WHAT IS NEEDED:
Beginning at the line containing "position = x, y, z", give again every line through the end of the data, unchanged and with both ends included. Drop any pictures.

EXTRACTED MATERIAL:
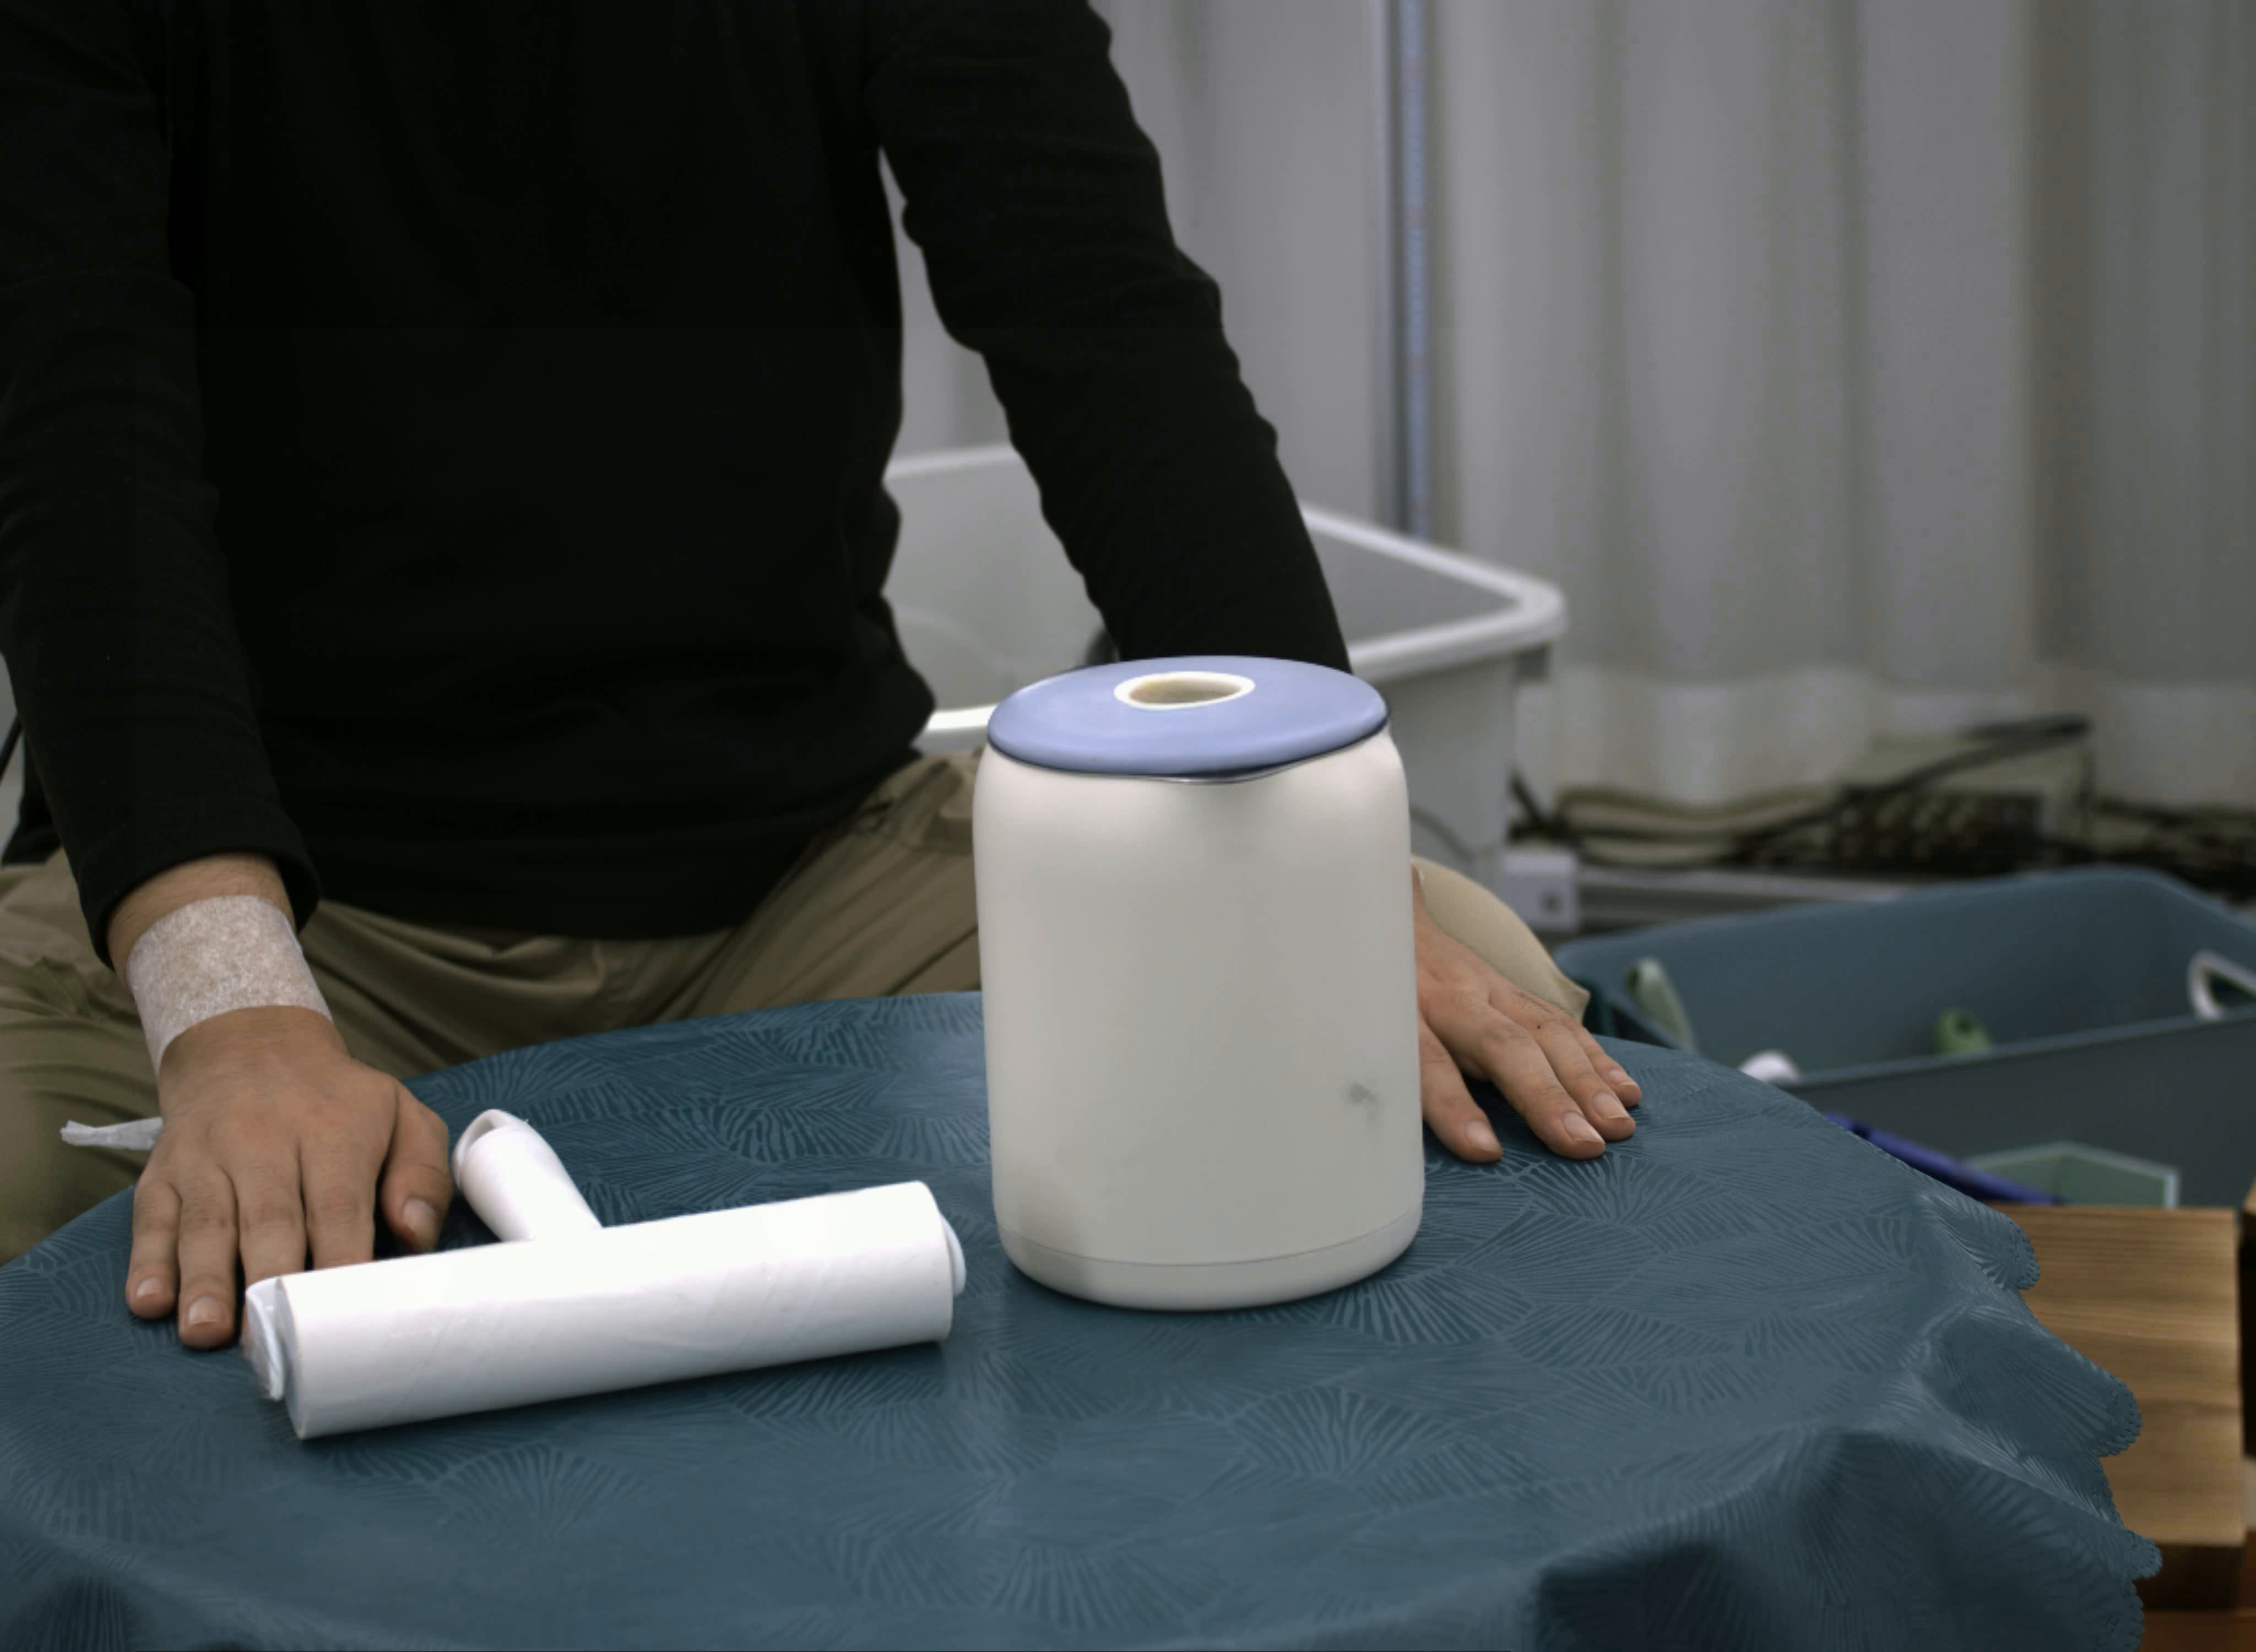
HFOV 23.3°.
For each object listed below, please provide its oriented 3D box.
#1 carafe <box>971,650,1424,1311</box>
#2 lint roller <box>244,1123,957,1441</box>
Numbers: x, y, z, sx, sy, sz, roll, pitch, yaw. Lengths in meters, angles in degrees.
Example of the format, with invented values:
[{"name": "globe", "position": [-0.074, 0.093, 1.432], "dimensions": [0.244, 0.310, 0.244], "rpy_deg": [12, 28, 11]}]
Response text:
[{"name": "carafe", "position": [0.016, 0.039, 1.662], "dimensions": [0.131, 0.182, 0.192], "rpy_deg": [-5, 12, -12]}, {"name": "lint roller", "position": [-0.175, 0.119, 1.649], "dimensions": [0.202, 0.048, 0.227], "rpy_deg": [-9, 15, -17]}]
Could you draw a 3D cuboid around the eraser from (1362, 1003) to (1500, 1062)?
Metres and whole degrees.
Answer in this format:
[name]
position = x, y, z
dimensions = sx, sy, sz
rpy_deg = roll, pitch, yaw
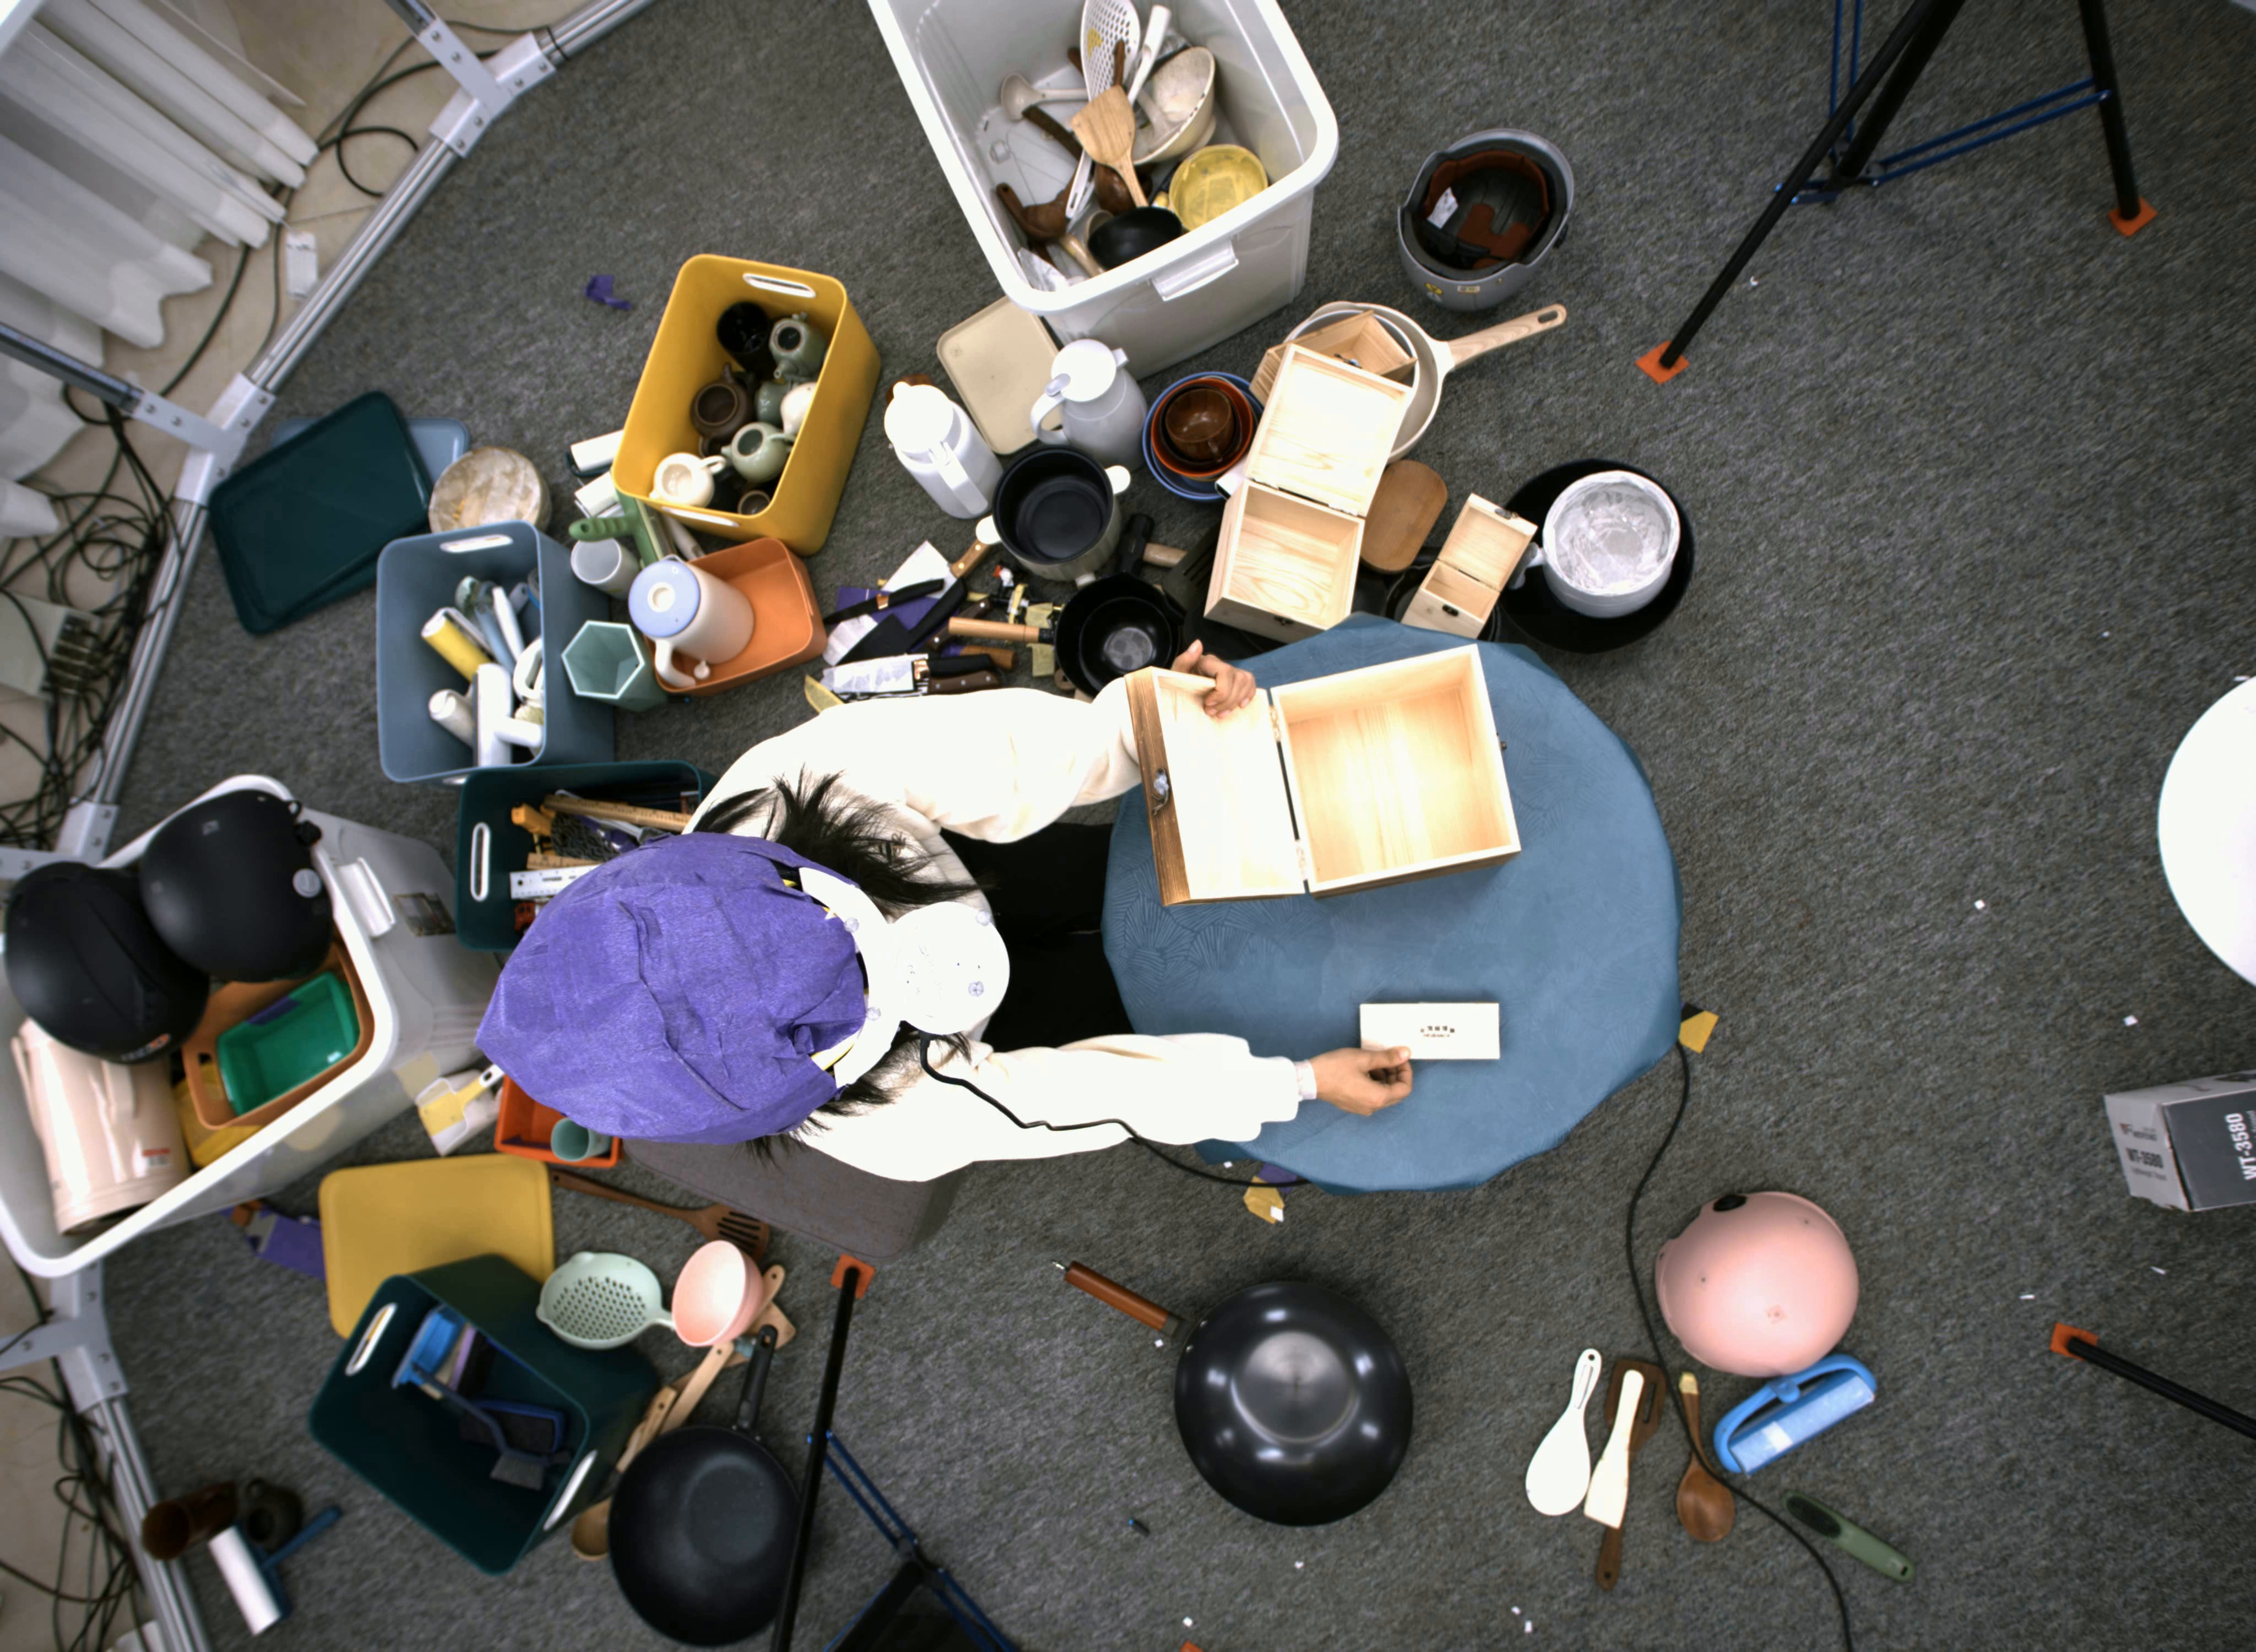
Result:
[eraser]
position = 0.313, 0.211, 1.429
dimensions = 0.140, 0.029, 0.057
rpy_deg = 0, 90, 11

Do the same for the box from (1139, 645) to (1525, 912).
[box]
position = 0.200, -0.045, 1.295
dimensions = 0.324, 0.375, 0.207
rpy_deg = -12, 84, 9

YOUR RESPONSE:
position = x, y, z
dimensions = sx, sy, sz
rpy_deg = roll, pitch, yaw
Result:
[eraser]
position = 0.313, 0.211, 1.429
dimensions = 0.140, 0.029, 0.057
rpy_deg = 0, 90, 11

Do the same for the box from (1139, 645) to (1525, 912).
[box]
position = 0.200, -0.045, 1.295
dimensions = 0.324, 0.375, 0.207
rpy_deg = -12, 84, 9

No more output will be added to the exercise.